12. The system of claim 8, wherein the vision assist device further comprises a user input device.

13. The system of claim 8, wherein at least one sensing device comprises a visual sensor configured to acquire the lighting data.

14. The system of claim 13, wherein the visual sensor is configured to acquire the presence data regarding the presence of one or more individuals in the environment, wherein the presence data comprises images of the one or more individuals.

15. The system of claim 8, wherein at least one sensor comprises a microphone configured to receive the presence data regarding the environment, wherein the presence data comprises audible data regarding the presence of one or more individuals in the environment.
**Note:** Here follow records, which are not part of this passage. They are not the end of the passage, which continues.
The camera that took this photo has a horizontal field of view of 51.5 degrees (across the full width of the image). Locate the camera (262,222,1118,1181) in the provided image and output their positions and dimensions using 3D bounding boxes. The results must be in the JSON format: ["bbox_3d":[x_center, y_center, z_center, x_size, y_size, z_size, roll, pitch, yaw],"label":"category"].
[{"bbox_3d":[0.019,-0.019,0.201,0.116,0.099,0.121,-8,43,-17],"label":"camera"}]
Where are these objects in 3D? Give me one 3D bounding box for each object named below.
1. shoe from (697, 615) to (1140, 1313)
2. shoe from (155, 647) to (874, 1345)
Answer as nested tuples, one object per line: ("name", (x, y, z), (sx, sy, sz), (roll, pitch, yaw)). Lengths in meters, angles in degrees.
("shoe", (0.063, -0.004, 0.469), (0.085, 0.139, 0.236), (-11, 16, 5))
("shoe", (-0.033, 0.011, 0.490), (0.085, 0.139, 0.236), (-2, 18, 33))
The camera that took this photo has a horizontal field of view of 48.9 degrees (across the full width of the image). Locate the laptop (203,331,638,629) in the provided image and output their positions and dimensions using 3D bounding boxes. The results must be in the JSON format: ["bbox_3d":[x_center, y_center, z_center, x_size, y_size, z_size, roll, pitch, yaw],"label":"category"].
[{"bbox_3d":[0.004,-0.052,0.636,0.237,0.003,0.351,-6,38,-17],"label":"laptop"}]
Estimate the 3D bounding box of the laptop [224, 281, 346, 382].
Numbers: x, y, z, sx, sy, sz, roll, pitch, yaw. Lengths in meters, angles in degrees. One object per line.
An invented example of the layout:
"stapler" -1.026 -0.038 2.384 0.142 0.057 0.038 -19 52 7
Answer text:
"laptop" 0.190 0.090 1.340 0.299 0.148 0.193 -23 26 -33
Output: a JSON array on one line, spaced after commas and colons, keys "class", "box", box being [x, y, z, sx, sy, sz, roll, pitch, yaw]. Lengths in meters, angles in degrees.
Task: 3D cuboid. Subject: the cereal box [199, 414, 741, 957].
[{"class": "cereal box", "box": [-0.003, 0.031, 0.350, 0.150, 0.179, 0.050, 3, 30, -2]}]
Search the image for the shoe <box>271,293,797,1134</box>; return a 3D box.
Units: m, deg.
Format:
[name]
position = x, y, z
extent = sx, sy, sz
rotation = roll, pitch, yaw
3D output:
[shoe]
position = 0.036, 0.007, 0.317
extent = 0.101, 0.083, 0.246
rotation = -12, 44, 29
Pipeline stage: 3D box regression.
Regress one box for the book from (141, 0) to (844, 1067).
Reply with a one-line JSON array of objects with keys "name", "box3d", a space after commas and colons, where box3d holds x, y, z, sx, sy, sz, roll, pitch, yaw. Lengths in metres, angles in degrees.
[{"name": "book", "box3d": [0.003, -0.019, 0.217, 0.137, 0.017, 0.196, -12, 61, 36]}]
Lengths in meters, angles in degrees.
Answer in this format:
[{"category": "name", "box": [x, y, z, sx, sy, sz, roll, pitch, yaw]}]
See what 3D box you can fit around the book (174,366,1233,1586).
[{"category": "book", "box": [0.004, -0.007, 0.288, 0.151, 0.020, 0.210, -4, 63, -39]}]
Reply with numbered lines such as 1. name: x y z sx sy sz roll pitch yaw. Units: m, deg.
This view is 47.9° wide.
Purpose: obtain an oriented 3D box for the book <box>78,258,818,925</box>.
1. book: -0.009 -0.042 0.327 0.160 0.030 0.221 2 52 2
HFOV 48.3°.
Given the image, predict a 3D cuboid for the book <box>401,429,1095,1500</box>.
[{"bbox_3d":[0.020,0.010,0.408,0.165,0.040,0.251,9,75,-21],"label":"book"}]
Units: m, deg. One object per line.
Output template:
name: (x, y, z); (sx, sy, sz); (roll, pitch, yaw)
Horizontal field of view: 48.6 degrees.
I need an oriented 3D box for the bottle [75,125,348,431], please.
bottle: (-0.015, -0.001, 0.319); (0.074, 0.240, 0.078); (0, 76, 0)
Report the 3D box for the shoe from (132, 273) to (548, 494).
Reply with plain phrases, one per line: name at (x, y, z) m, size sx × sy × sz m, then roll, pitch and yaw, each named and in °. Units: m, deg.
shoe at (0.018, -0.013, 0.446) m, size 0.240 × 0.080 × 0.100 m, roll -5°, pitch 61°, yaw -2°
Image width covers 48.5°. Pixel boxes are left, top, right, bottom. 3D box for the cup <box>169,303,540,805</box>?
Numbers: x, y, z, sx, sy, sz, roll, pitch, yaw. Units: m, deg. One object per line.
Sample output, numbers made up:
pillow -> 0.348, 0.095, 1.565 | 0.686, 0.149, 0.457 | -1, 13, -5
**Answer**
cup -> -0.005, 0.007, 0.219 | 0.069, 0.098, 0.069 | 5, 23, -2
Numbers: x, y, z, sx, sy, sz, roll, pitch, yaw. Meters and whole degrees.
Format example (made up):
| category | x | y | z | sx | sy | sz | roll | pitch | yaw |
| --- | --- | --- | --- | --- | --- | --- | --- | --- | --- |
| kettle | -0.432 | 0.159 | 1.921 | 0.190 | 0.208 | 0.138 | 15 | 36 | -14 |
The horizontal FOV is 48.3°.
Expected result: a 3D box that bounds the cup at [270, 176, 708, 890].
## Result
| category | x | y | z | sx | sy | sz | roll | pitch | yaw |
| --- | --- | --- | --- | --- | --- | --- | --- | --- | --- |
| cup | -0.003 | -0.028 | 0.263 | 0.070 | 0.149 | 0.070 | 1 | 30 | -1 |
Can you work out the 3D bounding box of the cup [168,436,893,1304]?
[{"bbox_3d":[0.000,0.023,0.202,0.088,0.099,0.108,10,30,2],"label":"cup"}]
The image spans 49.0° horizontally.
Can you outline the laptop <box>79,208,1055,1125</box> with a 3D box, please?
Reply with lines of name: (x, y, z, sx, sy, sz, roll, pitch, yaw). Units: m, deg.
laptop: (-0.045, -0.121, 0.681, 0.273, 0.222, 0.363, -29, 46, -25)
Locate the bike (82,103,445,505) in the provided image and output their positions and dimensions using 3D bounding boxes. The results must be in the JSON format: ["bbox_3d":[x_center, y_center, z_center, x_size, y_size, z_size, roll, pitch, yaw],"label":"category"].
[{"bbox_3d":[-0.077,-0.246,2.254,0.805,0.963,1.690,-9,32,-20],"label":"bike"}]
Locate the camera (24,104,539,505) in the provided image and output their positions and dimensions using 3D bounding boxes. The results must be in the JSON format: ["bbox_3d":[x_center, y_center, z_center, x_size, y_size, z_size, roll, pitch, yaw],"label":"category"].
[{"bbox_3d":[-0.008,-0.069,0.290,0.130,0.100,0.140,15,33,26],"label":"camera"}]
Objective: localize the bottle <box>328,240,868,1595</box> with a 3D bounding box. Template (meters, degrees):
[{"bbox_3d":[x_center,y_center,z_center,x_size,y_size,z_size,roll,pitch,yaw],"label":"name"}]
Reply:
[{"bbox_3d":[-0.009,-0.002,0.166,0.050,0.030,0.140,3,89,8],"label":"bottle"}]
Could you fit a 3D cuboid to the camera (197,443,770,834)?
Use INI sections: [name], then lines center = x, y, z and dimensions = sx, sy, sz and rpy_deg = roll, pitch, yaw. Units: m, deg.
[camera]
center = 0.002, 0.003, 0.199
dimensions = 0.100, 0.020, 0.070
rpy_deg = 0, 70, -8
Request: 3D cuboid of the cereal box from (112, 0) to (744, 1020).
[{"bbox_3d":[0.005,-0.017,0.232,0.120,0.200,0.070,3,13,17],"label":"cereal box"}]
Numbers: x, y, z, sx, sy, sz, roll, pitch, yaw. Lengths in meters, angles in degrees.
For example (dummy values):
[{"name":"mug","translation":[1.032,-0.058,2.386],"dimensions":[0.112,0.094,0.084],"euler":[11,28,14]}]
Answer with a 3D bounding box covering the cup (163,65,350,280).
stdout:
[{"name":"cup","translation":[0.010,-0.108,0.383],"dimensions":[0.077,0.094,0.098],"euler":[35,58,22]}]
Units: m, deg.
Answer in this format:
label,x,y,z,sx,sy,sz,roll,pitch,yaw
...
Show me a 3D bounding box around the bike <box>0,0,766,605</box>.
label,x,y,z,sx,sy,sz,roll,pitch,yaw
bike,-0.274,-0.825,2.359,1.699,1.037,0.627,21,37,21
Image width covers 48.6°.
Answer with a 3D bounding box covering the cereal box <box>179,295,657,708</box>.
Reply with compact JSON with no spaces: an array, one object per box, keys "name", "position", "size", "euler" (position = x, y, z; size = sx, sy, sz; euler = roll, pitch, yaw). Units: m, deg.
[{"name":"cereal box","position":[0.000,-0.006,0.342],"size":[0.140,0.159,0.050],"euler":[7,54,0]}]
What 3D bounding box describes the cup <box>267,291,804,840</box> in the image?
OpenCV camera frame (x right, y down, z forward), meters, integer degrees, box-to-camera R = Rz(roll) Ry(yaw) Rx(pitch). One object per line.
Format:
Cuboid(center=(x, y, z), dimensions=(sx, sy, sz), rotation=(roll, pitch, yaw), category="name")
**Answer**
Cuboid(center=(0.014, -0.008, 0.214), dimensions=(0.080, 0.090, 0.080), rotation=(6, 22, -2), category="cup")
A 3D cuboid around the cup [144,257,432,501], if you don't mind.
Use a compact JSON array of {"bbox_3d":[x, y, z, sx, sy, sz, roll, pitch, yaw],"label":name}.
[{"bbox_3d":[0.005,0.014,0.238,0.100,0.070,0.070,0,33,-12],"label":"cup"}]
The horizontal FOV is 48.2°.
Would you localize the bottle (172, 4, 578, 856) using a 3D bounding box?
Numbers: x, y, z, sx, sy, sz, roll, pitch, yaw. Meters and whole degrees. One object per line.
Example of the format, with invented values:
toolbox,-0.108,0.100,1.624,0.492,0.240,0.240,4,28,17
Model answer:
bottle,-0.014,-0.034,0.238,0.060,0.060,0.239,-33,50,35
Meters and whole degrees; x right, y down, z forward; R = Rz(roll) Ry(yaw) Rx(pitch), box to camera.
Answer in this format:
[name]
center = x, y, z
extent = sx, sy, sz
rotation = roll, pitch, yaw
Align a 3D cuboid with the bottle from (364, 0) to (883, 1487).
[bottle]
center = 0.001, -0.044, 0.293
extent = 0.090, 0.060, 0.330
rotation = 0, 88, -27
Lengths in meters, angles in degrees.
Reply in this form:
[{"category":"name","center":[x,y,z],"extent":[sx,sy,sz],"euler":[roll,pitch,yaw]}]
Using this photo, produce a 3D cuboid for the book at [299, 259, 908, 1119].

16. The system of claim 8 further comprising one or more feedback devices communicatively coupled to the one or more processors and configured to provide a feedback corresponding to the lighting condition of the environment.

17. The system of claim 16, wherein at least one feedback device comprises an auditory device or a tactile feedback device.

18. A system for operating a lighting device, the system comprising:

a lighting device positioned in an environment, wherein the lighting device is actuatable between an on state and an off state; and

a wearable vision assist device comprising: a visual sensor for acquiring lighting data corresponding to the environment, wherein the visual sensor is communicatively coupled to one or more processors; a microphone for acquiring audible data corresponding to the environment, wherein the microphone is communicatively coupled to the one or more processors; one or more memory modules communicatively coupled to the one or more processors; and machine readable instructions stored in the one or more non-transitory computer readable memory modules that, when executed by the one or more processors, causes the one or more processors to: receive lighting data acquired by the visual sensor; determine a lighting condition of the environment based on the lighting data, wherein the lighting condition comprises a dark lighting condition or a bright lighting condition; receive audible data acquired by the microphone; determine a number of individuals present in the environment based on the audible data; and generate an actuation signal receivable by the lighting device to actuate the lighting device into the on state if the environment is in the dark lighting condition and both a registered individual and one or more additional individuals are present in the environment.

19. The system of claim 18 further comprising one or more feedback devices communicatively coupled to the one or more processors and configured to provide a feedback corresponding to the lighting condition of the environment.

20. The system of claim 19, wherein at least one feedback device comprises an auditory device or a tactile feedback device.